The evaluation of the structural model represents the second phase of the PLS-SEM process. We employed R-squared (R2) to measure the explanatory power of the model. The results in Table 4  reveal that EO accounted for a considerable portion of the variation in EB, with an R-square value of 50.1%. In addition, EO and EB accounted for a significant portion of the variation in FI, with an R-square value of 74.8%. Furthermore, EO, EB, and FI accounted for a significant portion of the variation in STP, with an R-square value of 78.6%. The R-square values for all variables exceed the threshold of 26%, signifying a strong level of association between exogenous and endogenous variables (Cohen, 1988). Similarly, using PLSpredict, we assessed the model’s predictive ability. Table 4 presents the results for Q-square values above zero, confirming the model’s predictive power (Chin, 1998).

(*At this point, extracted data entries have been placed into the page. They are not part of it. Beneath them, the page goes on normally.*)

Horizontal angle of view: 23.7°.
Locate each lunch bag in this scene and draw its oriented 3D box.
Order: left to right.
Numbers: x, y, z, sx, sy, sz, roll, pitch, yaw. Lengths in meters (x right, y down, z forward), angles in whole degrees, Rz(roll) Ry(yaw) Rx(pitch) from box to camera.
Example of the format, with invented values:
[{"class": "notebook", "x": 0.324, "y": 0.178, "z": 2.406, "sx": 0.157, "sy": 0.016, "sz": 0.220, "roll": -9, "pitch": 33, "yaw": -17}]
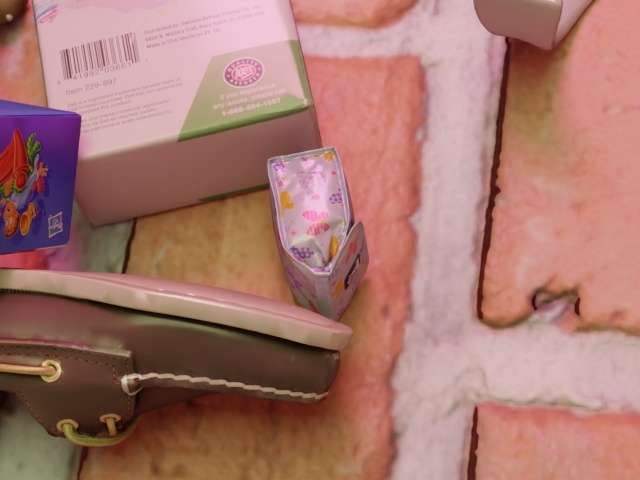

BCa bootstrapping with 10,000 subsamples was used to determine the direct relationship between constructs and their level of significance. The relationships among the constructs were analyzed by employing the beta coefficient (β), p-values, and t-values. The model’s significance was determined by taking into account the p-values and t-value tests. According to Hair et al. (2017), p-value and t-value are considered statistically significant when they are ≤ 0.05 and ≥ 1.96, respectively. Table 5 shows the results for all constructs. The f-square effect is commonly measured using Cohen’s  (1988)  recommendations, which are shown in Table 5. According to Cohen  (1988), a significant f-square effect is denoted by a value equal to or exceeding 0.35; a moderate influence is indicated by a minimal value of 0.15; and a very slight effect is shown by a maximum value of 0.02. Hence, it can be asserted that the direct relations test revealed significant and medium effects in the observed results, except that the relationship between EB and STP indicated a small effect and the relationship between EO and STP indicated no effect. Furthermore, the second-order construct of FI demonstrated validity through its correlation with the first-order variables SCR (β = 0.831), CF (β = 0.818), and SSE (β = 0.739). STP also demonstrates validity through its correlation with the variables of the first-order ECNP (β = 0.811), ENVP (β = 0.894), and SOCP (β = 0.791). The results are presented in Table 5.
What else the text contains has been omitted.